Peel Field, (Formerly: Eglin Air Force Auxiliary Field #4), is a closed United States Air Force field. It is located 5.7 miles west of Valparaiso, Florida.

==Overview==
Auxiliary Field 4 is named Peel Field for 2nd Lt Garland O. Peel, Jr.,, USAAF, who died in the take-off crash of Martin B-12AM, AAF Ser. No. 33-262, of the 387th School Squadron, 2 January 1942, when he suffered engine failure. He was a gunnery school instructor at Eglin. Peel Field was utilized for the filming of scenes for the 1944 film Thirty Seconds Over Tokyo.

==History==
With the onset of World War II, the Eglin Field military reservation was greatly expanded when the Choctawhatchee National Forest was turned over to the War Department by the U.S. Forestry Service on 18 October 1940, and a series of auxiliary airfields were constructed from January 1941 onwards.

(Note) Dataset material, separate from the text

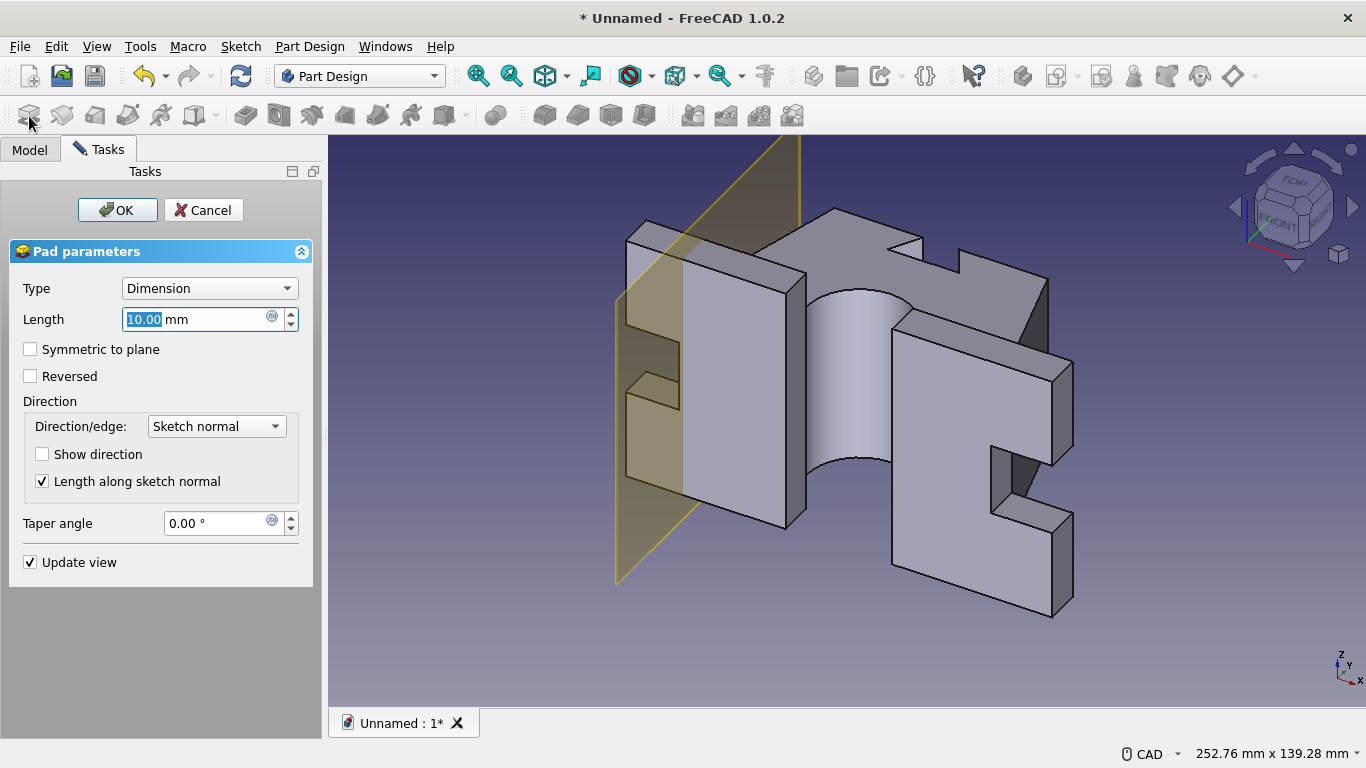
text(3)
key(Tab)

The history of Peel Field is largely unknown, and the exact date of construction is undetermined. World War II wartime temporary housing for NCOs located here was razed in the 1960s. In the early 1960s, while in a moribund state, one of the runways was used as an unofficial auto drag strip by local civilians.

===Current status===
The airfield was incorporated into Eglin AFB on 9 October 1959 and was inactivated. However, the airfield remains under the jurisdiction of the 96th Test Wing (96 TW) as part of the active Eglin base and is not accessible to the public. The ramp of the non-flight-rated facility now serves as a vehicle park for aircraft and armored vehicles before and after being expended as targets on the Eglin ranges. The Eglin AFB Aero Modelers flying club uses the south end of the north–south (18/36) runway for radio-controlled flying on weekends.